As readers may be aware, the Computer and Cybercrimes Bill 2017 was recently tabled in Parliament for the first reading. The Bill has been the focus of numerous posts on this blog by both CIPIT staff and students. This blogger recently received a copy of the Bill and would like to share some comments. These comments cover several aspects of the Bill including: interpretation, the offence of unauthorised access, the offence of unauthorised interference, the offence of false publication, the offence of child pornography, Search and seizure of stored computer data, power to search without a warrant in special circumstances, production order, real-time collection of traffic data and finally, appeal.
In the interpretation section, it is noted that several key definitions are missing such as “computer”, “critical infrastructure”, “child”, “means of identification”, “publish”, “film” and “photograph”, among others. On unauthorised access, the drafting of this offence could be a challenge for informers, investigators, whistleblowers and others, as they could end up being arrested and charged in court under this provision. Therefore due consideration ought to be given to persons who gain unauthorised access for investigation, whistle-blowing or any such access on grounds of overwhelming public interest. On unauthorised interference, the term interference is not defined which is crucial for purposes of establishing that the offence has been committed. Interference in this context may be defined as permanently or temporarily (a) deleting, altering, damaging, a computer system, program or data; (b) obstructing or denying access to a computer system, program or data; or (c) interrupting or impairing the functioning, confidentiality, integrity or availability of a computer system or program.

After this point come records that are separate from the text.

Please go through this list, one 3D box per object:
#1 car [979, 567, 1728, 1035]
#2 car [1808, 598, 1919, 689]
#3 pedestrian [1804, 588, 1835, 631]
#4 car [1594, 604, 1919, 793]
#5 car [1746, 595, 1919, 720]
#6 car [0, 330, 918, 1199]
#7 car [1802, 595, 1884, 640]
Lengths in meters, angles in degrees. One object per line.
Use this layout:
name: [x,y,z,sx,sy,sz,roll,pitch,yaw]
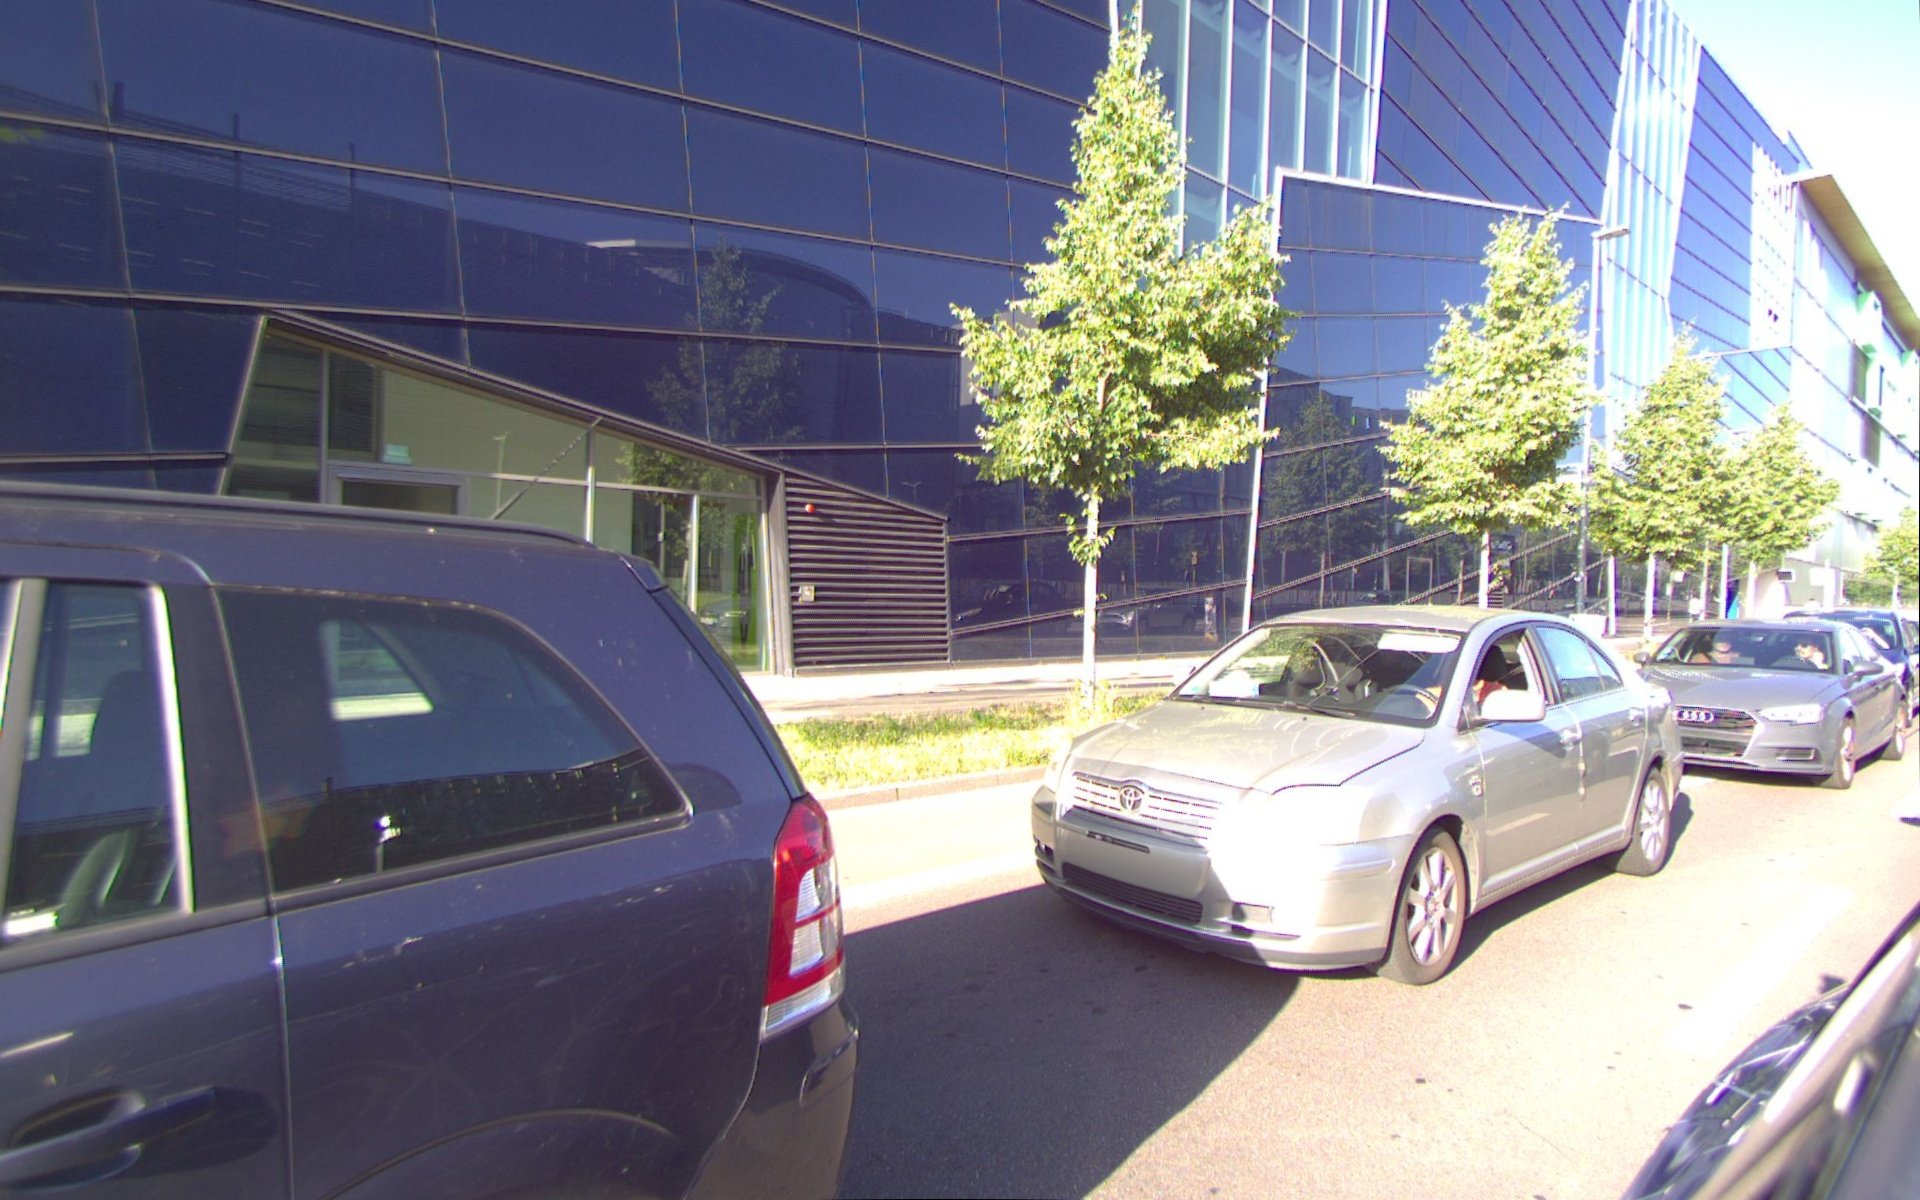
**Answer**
car: [2.390,0.623,5.404,4.546,1.500,1.750,0,2,-40]
car: [16.848,0.732,18.373,3.358,1.497,1.752,1,0,-41]
pedestrian: [39.431,0.429,46.441,0.889,1.846,0.829,1,4,-41]
car: [7.912,0.764,9.801,4.187,1.409,1.750,0,1,-39]
car: [12.567,0.707,14.181,3.902,1.497,1.752,1,0,-41]
car: [-2.199,0.588,1.086,4.188,1.717,1.748,0,0,-43]
car: [34.319,0.657,39.310,4.633,1.516,1.739,1,3,-41]
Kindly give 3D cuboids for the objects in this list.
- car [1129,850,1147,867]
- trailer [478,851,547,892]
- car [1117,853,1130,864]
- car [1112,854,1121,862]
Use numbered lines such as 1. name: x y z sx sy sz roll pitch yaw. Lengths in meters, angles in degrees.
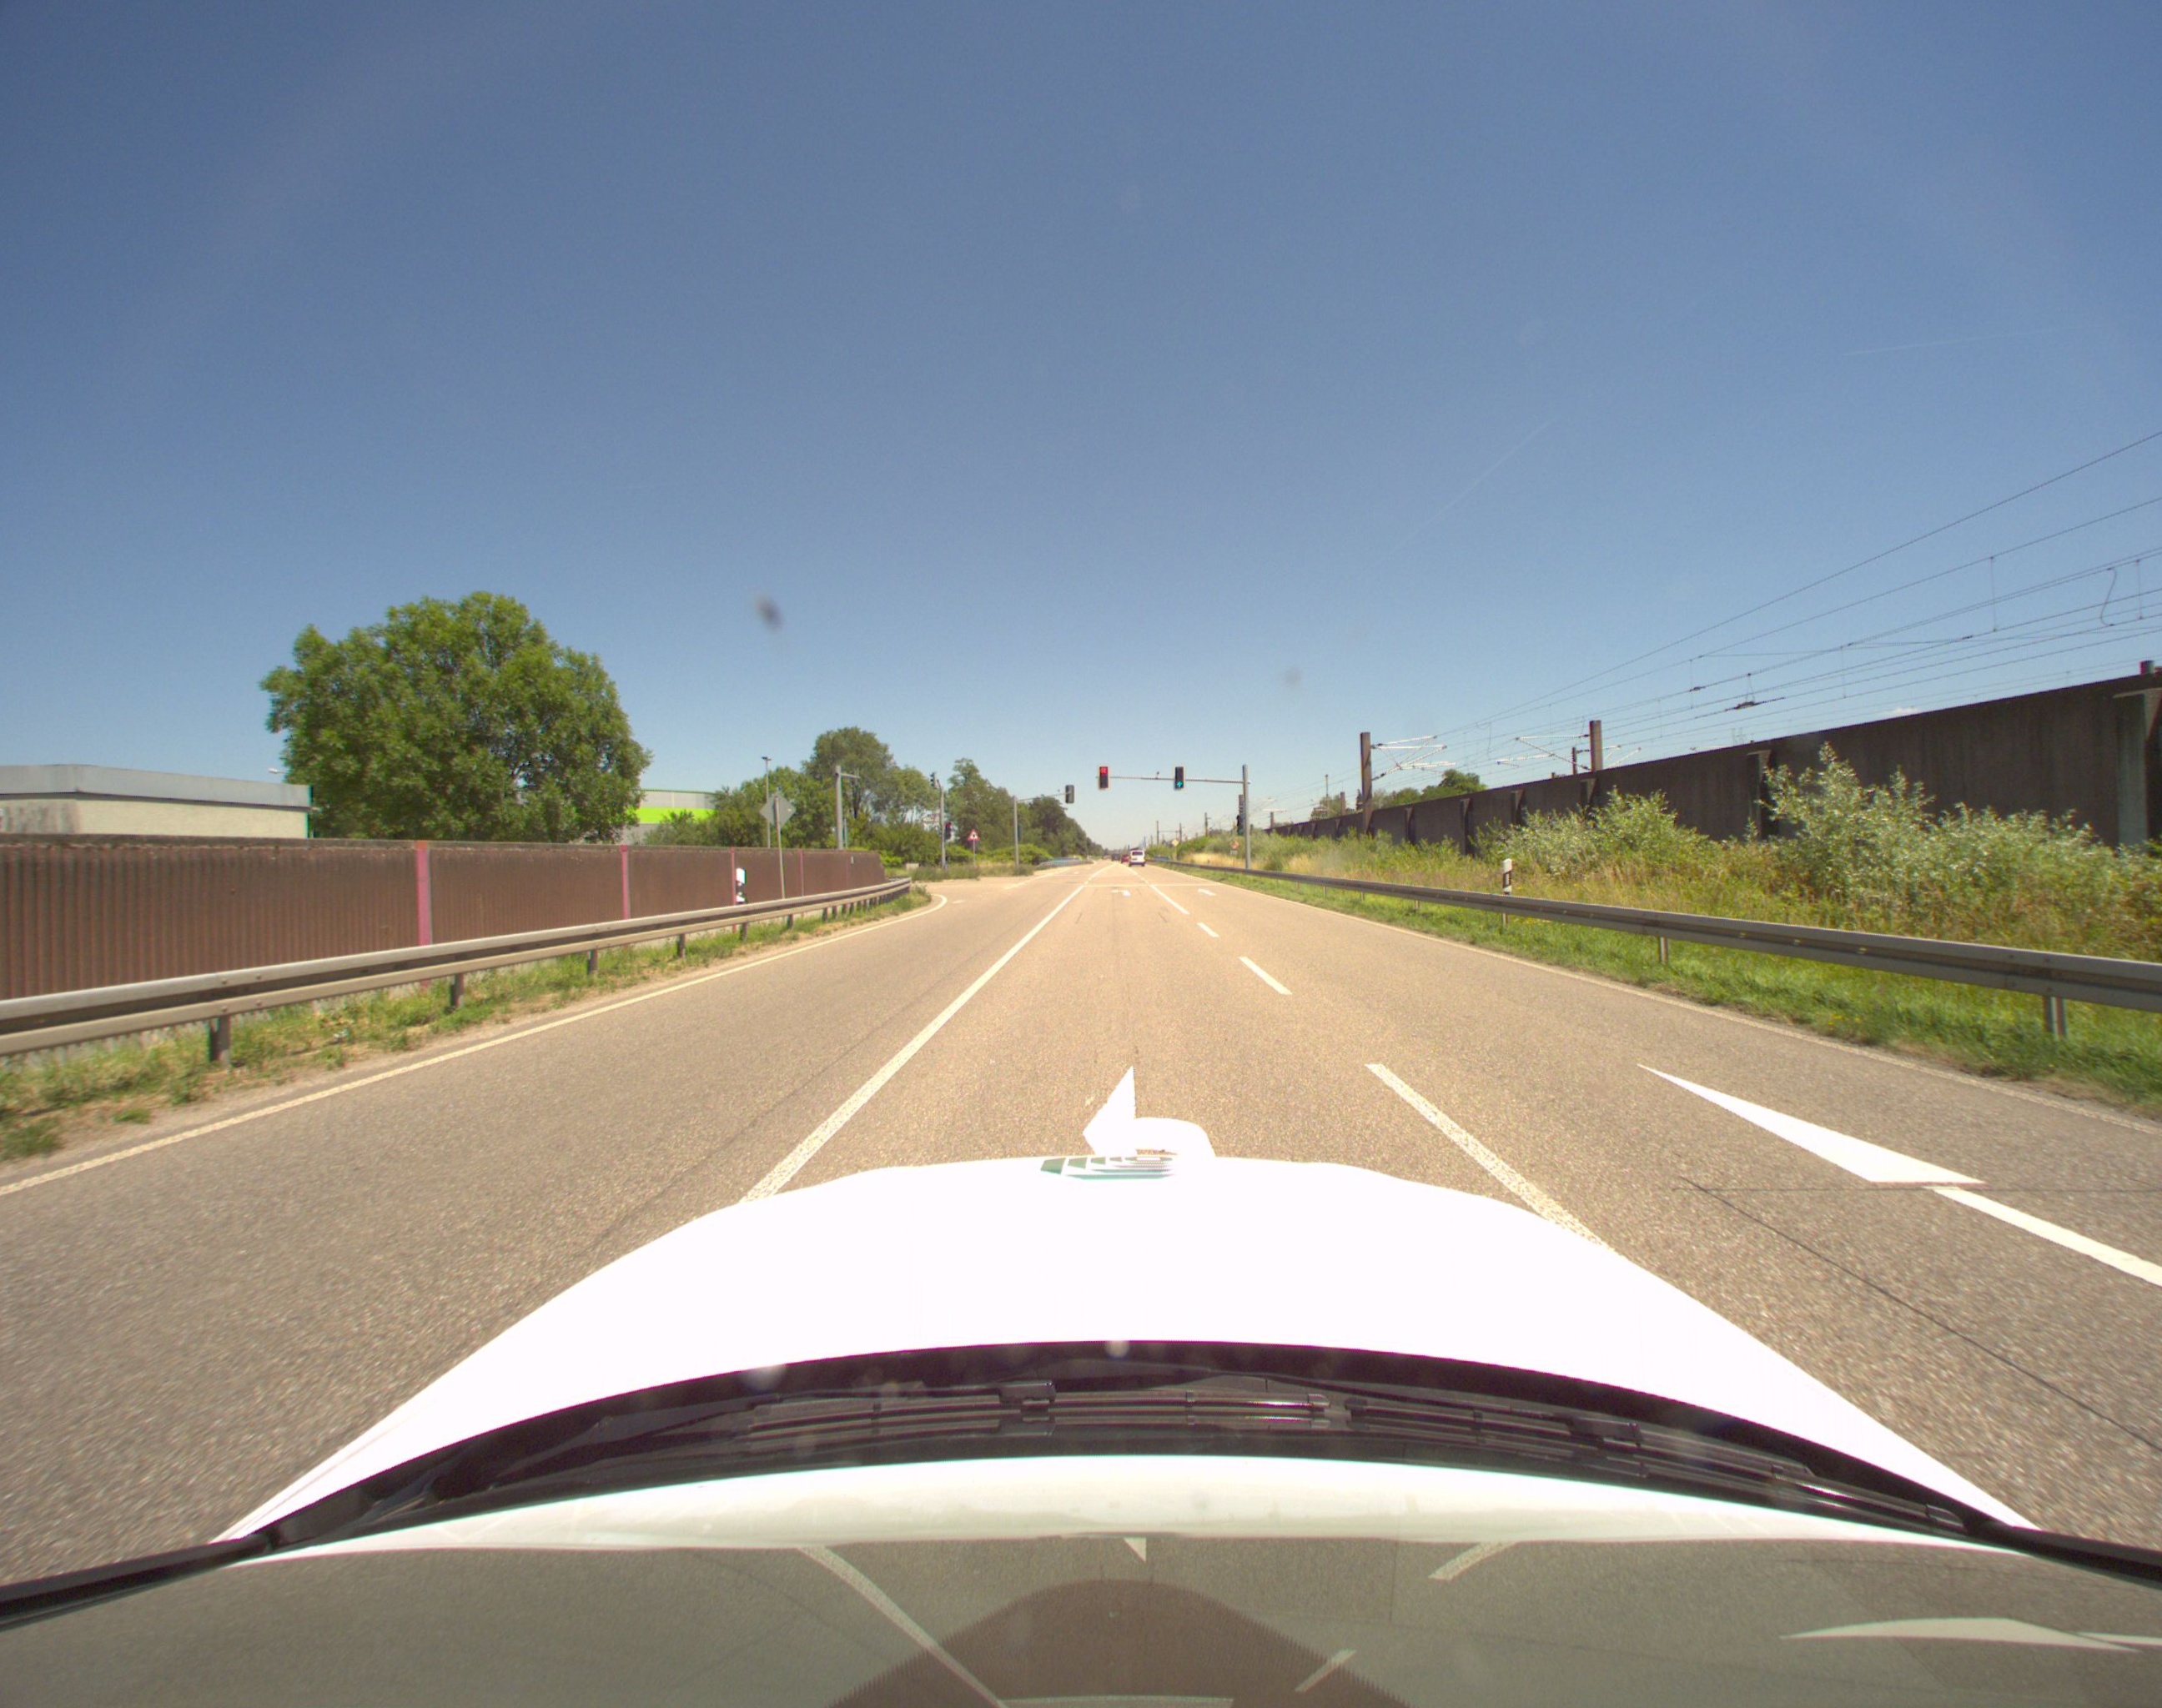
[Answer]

With regard to the offences, this blogger concurs with others that false publication and child pornography should be deleted from the Bill. As for false publication, this offence appears to unjustifiably limit the freedoms of opinion and expression as well as the right of access to information guaranteed under Articles 32, 33 and 35 of the Constitution respectively. As for child pornography, a similar offence already exists in Section 16 of the Sexual Offences Act, 2006. On section 22 of the Bill, the scope of procedural provisions requires attention. The Bill ought to require that any action under the Act could be commenced only after a written claim is presented to the appropriate authority which in this case is proposed to be the Central Authority. In addition, the Bill should prescribe that any procedures under this Part should be commenced by 6 months and within 2 years after a written claim accrues.
On search and seizure of stored computer data, the Bill ought to make it mandatory for police officers or authorised persons to apply to the court for issue of a warrant to enter any premises to enter any premises to access, search and similarly seize such data. Regarding the power to search without a warrant in special circumstances, this section should be deleted as it unjustifiably limits the right to privacy guaranteed under Article 31 of the Constitution. On production orders, the Bill ought to make it mandatory for police officers or authorised persons to apply to court for an order requiring submission of personal data or subscriber information. In this connection, this section unjustifiably limits the right to privacy guaranteed under Article 31 of the Constitution. On the real-time collection of traffic data, the Bill ought to reduce the latitude of police and authorised persons to engage in surveillance. Entrenching due process and oversight.
Although these comments echo those made by KICTANET, CEWG and others, it remains to be seen how they will shape the formulation and outcome of the Bill pending before Parliament.